Friday, March 27, 2009

Day Sixteen...

Not that I am counting or anything...LOL. But it has been sixteen days for me here at TIRR. A wonderful, inspiring, and encouraging sixteen days...at the same time it has been exhausting, tiring (in a good way), and a lot of hard work (but who can't use someone pushing them to their limits all day long?...it is good for the soul :).

Those of you who have children or who have cared for a baby animal that needs care throughout the night (and you have to wake up several times a night)...you can empathize with my exhaustion and tired feelings, but also at the same time you can also understand the feeling of loving something/someone so much other than yourself(as Christ has done)...that the tiredness and exhaustion doesn’t really matter because the sacrifice was so worth it! That is pretty much where I stand at the end of my day when I lay down to go to sleep every night. Even after I finish my therapies at the end of my day...I try my best to work on "my homework" that has been assigned to me by my therapists. I figure...the harder I work...the faster I will get out of here...so I can be home with Katie...Oh how I miss her (as I sit here just typing and thinking about her...tears stream down my face)! But at the end of the day...I have to tell myself the sacrifice NOW will pay off for her, Aaron, and me later. Just as our Father God sacrificed His son for us...we have to look at how that has paid off for us...all well worth the sacrifice.

So let me update you...where we are at...On Wednesday they had what they call "rounds," basically what happens is that the group of therapists, doctors, the case manager assigned to me, and my social worker…all get together on their own and talk about my progress and what has been going on with me at TIRR (at these moments when I begin to think about all these people talking about me and the progress I have made…I have to think how weird it is being on the clientele end of the spectrum…as opposed to being the clinician). Oh how I can now empathize with the parents of the families that I work with in the school system. Okay…so now back to “the rounds…” The doctor, neuropsychologist, and social worker came by Wednesday evening to discuss with Aaron and me their thoughts and decisions. All great news…thank God for perfecting all that concerns me [Psalms 138:8] They decided to move my discharge date up to April 8th, and are still looking at sending me to the post acute therapy place that I mentioned in my last blog (it is called Mentis…www.mentisneuro.com)…but the great part of that is that instead (like I mentioned in my last blog) of having me stay the night in the facility…they would allow me to stay at home with Aaron and Katie, which I am ecstatic about! I knew God would work out things just perfectly…He always does. The only catch to that is that someone would have to drive me (thank God that my in-laws (my father-in-law arrived yesterday) are here and can drive me…by the way if I haven’t mentioned my mother-in law has been so wonderful and has taken care of both Katie and me before surgery and Katie after my surgery)…at least at first…five days a week to the facility for treatment during the day….later as I progress in my therapies…they will cut back the amount of days I have to go during the week.

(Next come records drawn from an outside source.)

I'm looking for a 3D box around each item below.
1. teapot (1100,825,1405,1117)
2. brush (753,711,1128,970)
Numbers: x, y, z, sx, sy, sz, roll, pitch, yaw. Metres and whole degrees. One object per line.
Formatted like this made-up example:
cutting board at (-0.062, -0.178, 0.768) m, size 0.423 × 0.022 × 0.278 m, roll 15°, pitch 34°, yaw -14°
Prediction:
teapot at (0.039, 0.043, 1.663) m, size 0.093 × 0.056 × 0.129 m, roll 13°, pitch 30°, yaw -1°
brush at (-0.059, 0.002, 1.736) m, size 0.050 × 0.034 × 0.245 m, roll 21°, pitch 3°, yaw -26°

It looks like I will be at Mentis...so “they” (God always has His own plans) say until the end of June…maybe into the beginning of July, but like I said earlier…it all depends on my progress; we just have to take things day by day.

By the way…I know I mentioned last time that I was walking with assistance and having to be helped while I go to the bathroom. Well a lot can happen in six days, at least when God has anything to do with it, yesterday I was cleared to use the bathroom on my own…praise God for that…now I don’t have to wait for someone to come and take me to the bathroom…I’m sure we all can appreciate that…especially if it is first thing in the morning and you really have to go and no one comes to help for twenty-five minutes and later during the day for thirty minutes (not that I have experienced that or something…LOL…and then you make a decision to go to the bathroom on your own and decide that it IS worth getting your wrist slapped by your therapists later because you are not cleared to be on your own in the bathroom). But I want it known that I made sure that I was safe and tried to remember to use all the techniques and strategies that my therapists have shown me.

I also am able to walk a little on my own (without the use of devices)…not that I am quite walking where I used to be…because I still can’t move my ankle on my left foot (a continued prayer request)…which does hinder walking “normally”…whatever “normal” looks like. So basically I can walk short distances…of course at this point it is always a good idea to have someone close to me, for safety reasons, because I am still working on staying balanced. My balance has improved tremendously since I have gotten to rehab, but I am not quite 100%. Also when I begin to get physically tired…like when any of us gets tired…we don’t perform as well as if we were well rested…I begin to get a little clumsy and not as steady in my walking. Yesterday, we worked on walking up and down stairs…that was quite a challenge…moving my left foot in a backwards motion at this point is very difficult…most of the time…the therapist has to move my foot for me…and even though in my head I’m telling it to move…it still will not, but the great part about the therapists here is that when they move your body part that doesn’t want to move on its own…they still encourage you by saying “good job” …because they know that you are trying…or at least that I am trying and at this point I have no control over that (although that was how I began moving both my arm and leg…by telling it in my head to move and later the movement came…my brain just had to re-route itself…like it will with my ankle and my toes…whenever they decide they want to wiggle again...which will be soon in Jesus Name!)
My neurosurgeon (Dr. Youssef Comair) and his nurse practitioner (Shirley) called and spoke with me Wednesday...they are both so sweet...(and if you ever need to have brain surgery...these are the best of the best there is out there) Dr. Comair asked how I was progressing in my therapies…I shared with him all the wonderful news…he seemed pleased to hear about my foot moving and me walking. He asked when my discharge date was and at that point I didn’t know it was the 8th of April, but Aaron had spoken with Shirley a few days earlier and she mentioned that Dr. Comair wanted to see me within the next couple of weeks. Aaron made an appointment for Monday April 13th. They want to perform a follow-up MRI and want me to meet with a neuro-oncologist…which at one point…it was mentioned that I might need to get oral chemo-therapy…I supposed it all depended upon the pathology report of what my brain tumor truly consisted of…by the way…I don’t think I updated what type of tumor they actually figured out it was…it wasn’t the tumor they originally thought. It is actually called an oligodendroglioma, grade 2…now that is a mouthful. At our appointment with the neurosurgeon, we will find out what the make-up of the actual tumor is. The best way I really know how to explain all this tumor business (which I am just now understanding…so if you don’t understand…don’t feel alone in all of this J)…think of a car...maybe a Mercedes-Benz (this represents the tumor)…there are different classes (styles) of Mercedes…S, C, and E (this represents the grades of tumors)…then you come to the specialized features of the vehicle (this represents the make-up (pathology) of the tumor). I hope that helps as a visual to understand what we will find out at our appointment.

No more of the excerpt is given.